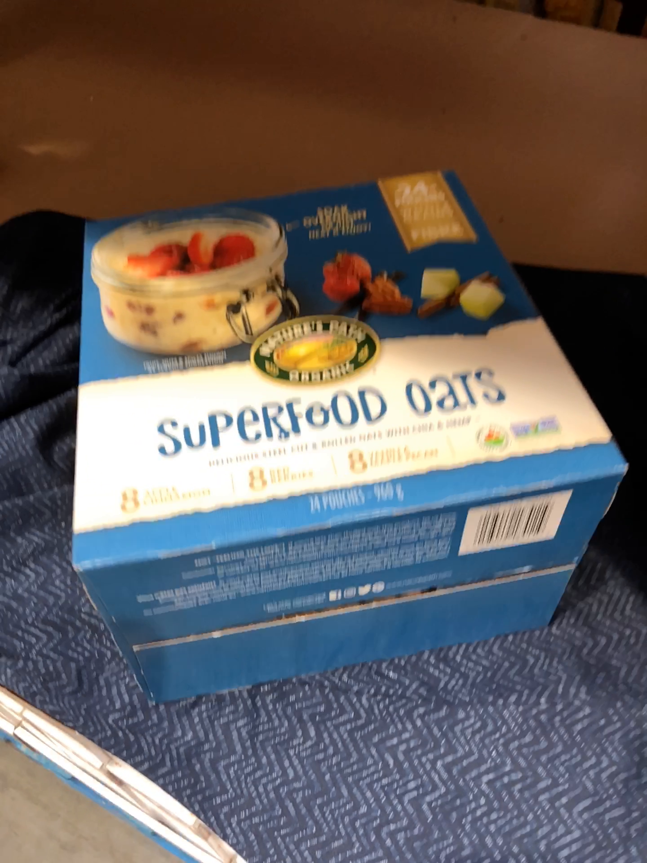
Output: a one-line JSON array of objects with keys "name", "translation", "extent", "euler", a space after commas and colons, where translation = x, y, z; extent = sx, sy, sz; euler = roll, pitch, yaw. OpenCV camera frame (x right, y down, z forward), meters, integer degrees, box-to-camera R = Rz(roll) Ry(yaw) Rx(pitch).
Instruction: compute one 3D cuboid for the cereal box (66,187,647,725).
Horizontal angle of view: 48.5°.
[{"name": "cereal box", "translation": [0.001, 0.001, 0.424], "extent": [0.250, 0.149, 0.241], "euler": [-9, 50, -7]}]
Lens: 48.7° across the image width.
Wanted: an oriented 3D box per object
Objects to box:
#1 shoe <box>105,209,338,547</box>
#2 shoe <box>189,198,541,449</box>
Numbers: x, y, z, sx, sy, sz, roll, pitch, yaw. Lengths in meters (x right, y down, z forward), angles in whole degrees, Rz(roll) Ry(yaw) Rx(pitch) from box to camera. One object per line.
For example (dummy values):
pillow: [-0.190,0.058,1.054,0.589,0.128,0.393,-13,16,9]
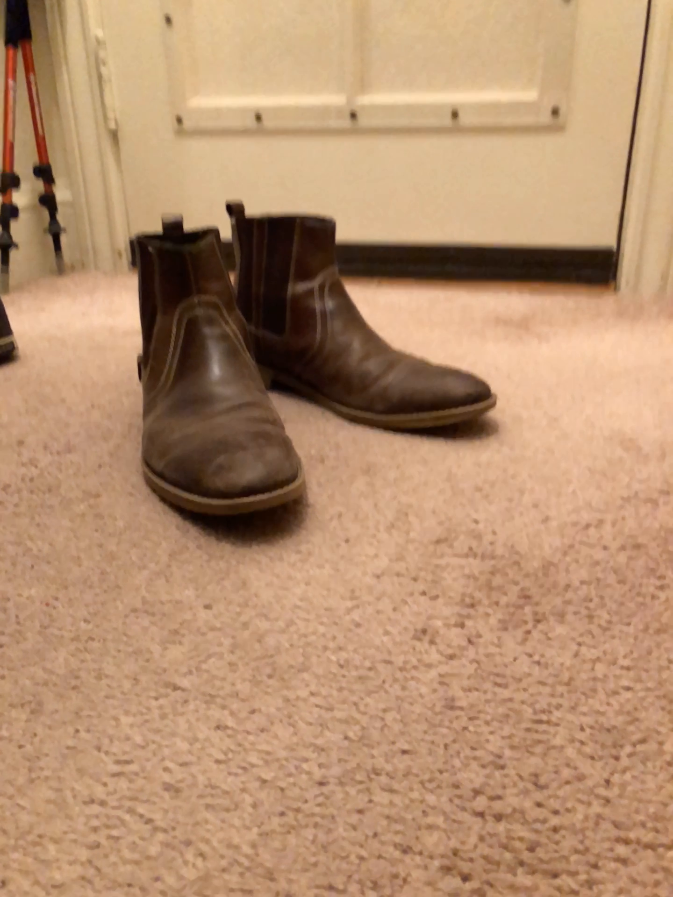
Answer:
shoe: [-0.099,-0.079,0.555,0.119,0.158,0.299,-7,24,-15]
shoe: [0.012,-0.130,0.667,0.298,0.158,0.119,20,31,39]
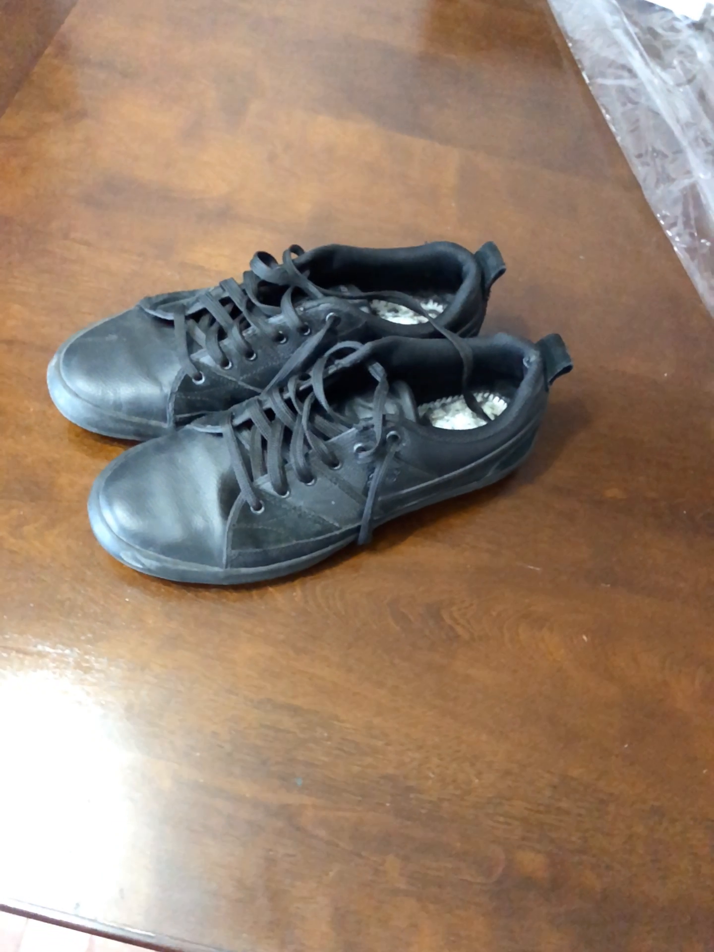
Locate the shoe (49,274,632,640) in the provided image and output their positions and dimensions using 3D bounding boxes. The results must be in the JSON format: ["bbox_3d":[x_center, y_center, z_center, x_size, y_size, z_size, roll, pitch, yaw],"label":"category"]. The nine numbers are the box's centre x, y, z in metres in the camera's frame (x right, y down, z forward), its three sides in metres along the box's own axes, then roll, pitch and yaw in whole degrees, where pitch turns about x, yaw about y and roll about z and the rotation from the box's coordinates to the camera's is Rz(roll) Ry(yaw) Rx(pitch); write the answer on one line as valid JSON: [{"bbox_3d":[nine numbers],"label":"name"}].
[{"bbox_3d":[-0.009,-0.014,0.481,0.300,0.110,0.110,-16,66,-14],"label":"shoe"}]

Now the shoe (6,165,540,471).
[{"bbox_3d":[-0.053,-0.105,0.522,0.300,0.110,0.110,-12,65,-12],"label":"shoe"}]
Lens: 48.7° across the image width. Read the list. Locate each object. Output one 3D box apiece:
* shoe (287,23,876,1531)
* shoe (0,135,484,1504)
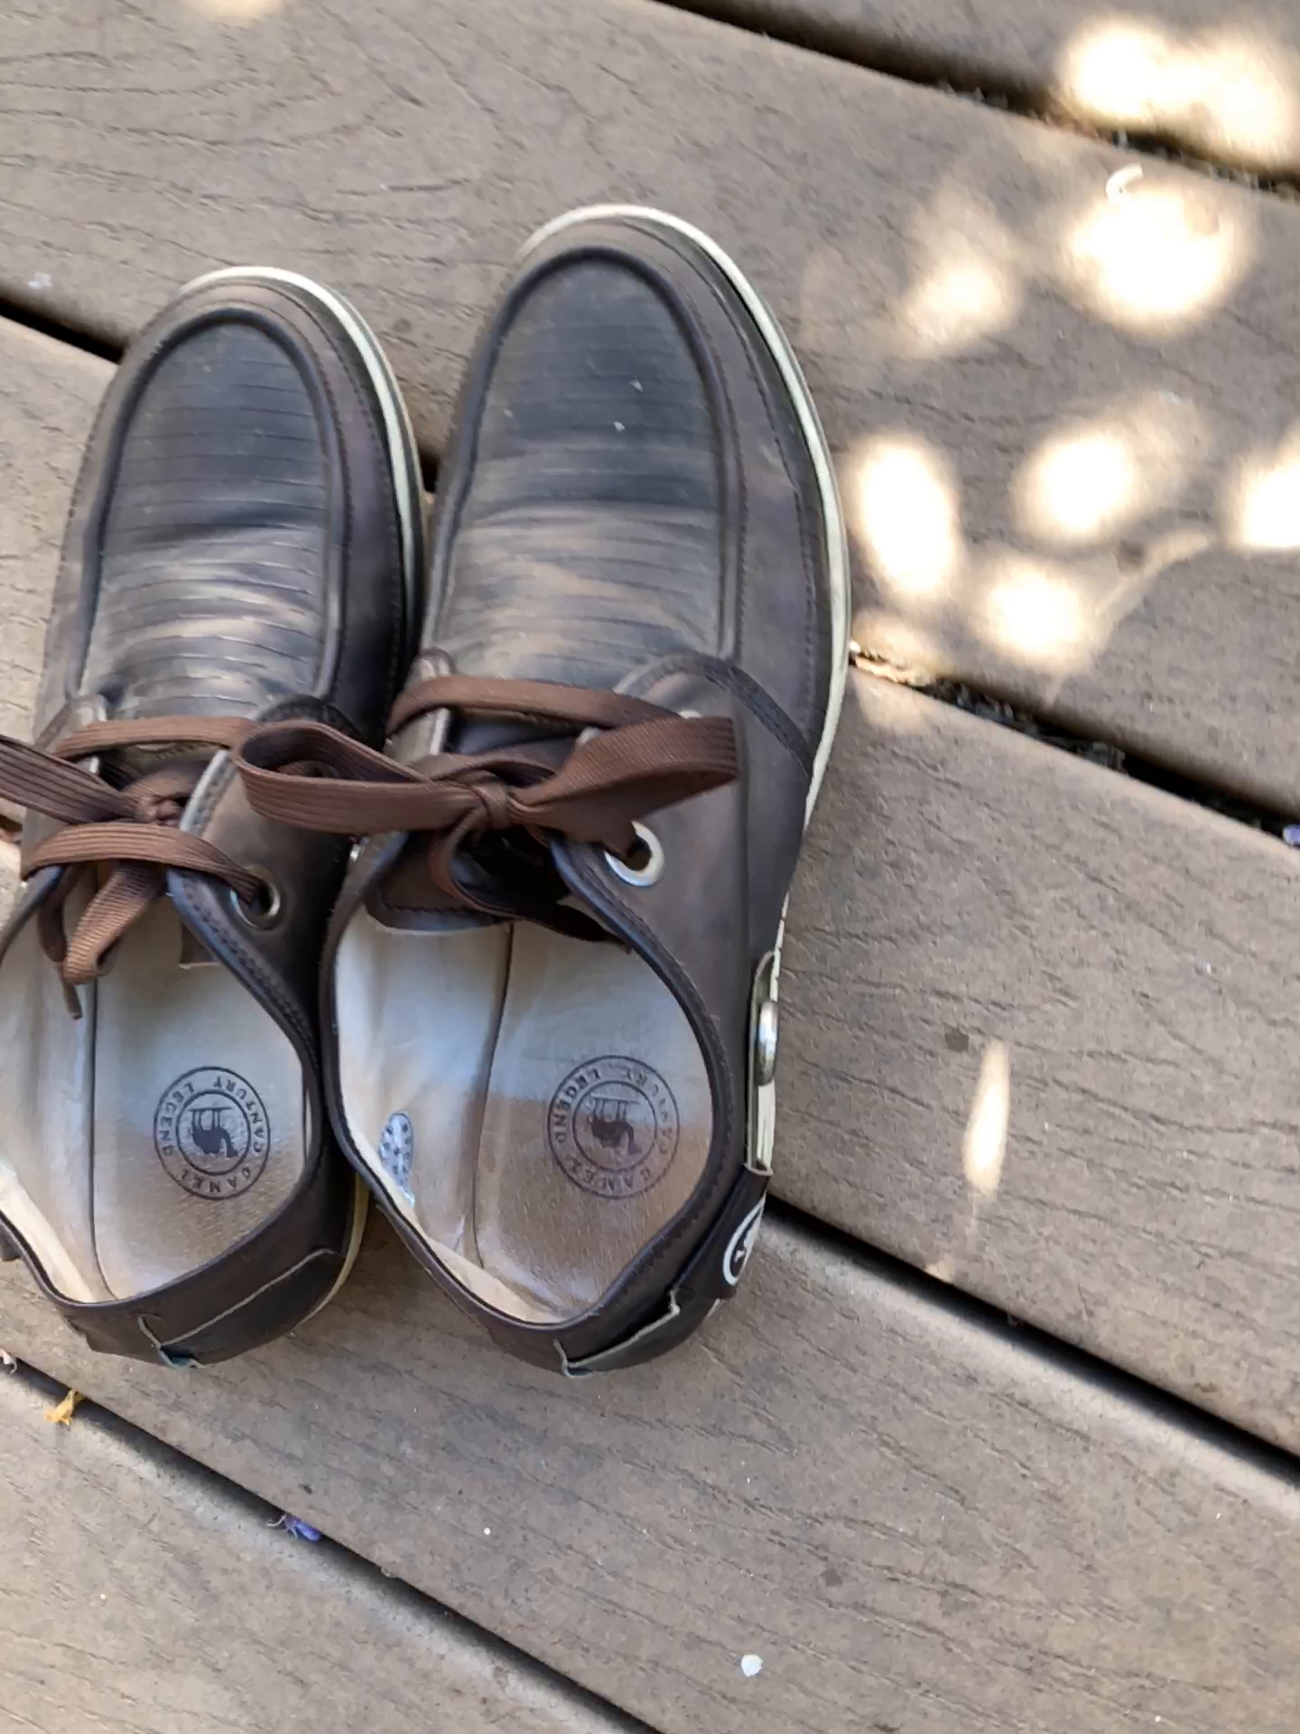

***

All the lines that hold the word "meters" must appear in the answer, copied from the records.

Output: a one-line JSON array of objects with keys "name", "translation", "extent", "euler", a space after commas and colons, where translation = x, y, z; extent = sx, sy, sz; euler = roll, pitch, yaw. OpenCV camera frame (x right, y down, z forward), meters, integer degrees, box-to-camera R = Rz(roll) Ry(yaw) Rx(pitch).
Numbers: x, y, z, sx, sy, sz, roll, pitch, yaw. Lengths in meters (x right, y down, z forward), angles in whole degrees, Rz(roll) Ry(yaw) Rx(pitch) from box to camera. One object per line.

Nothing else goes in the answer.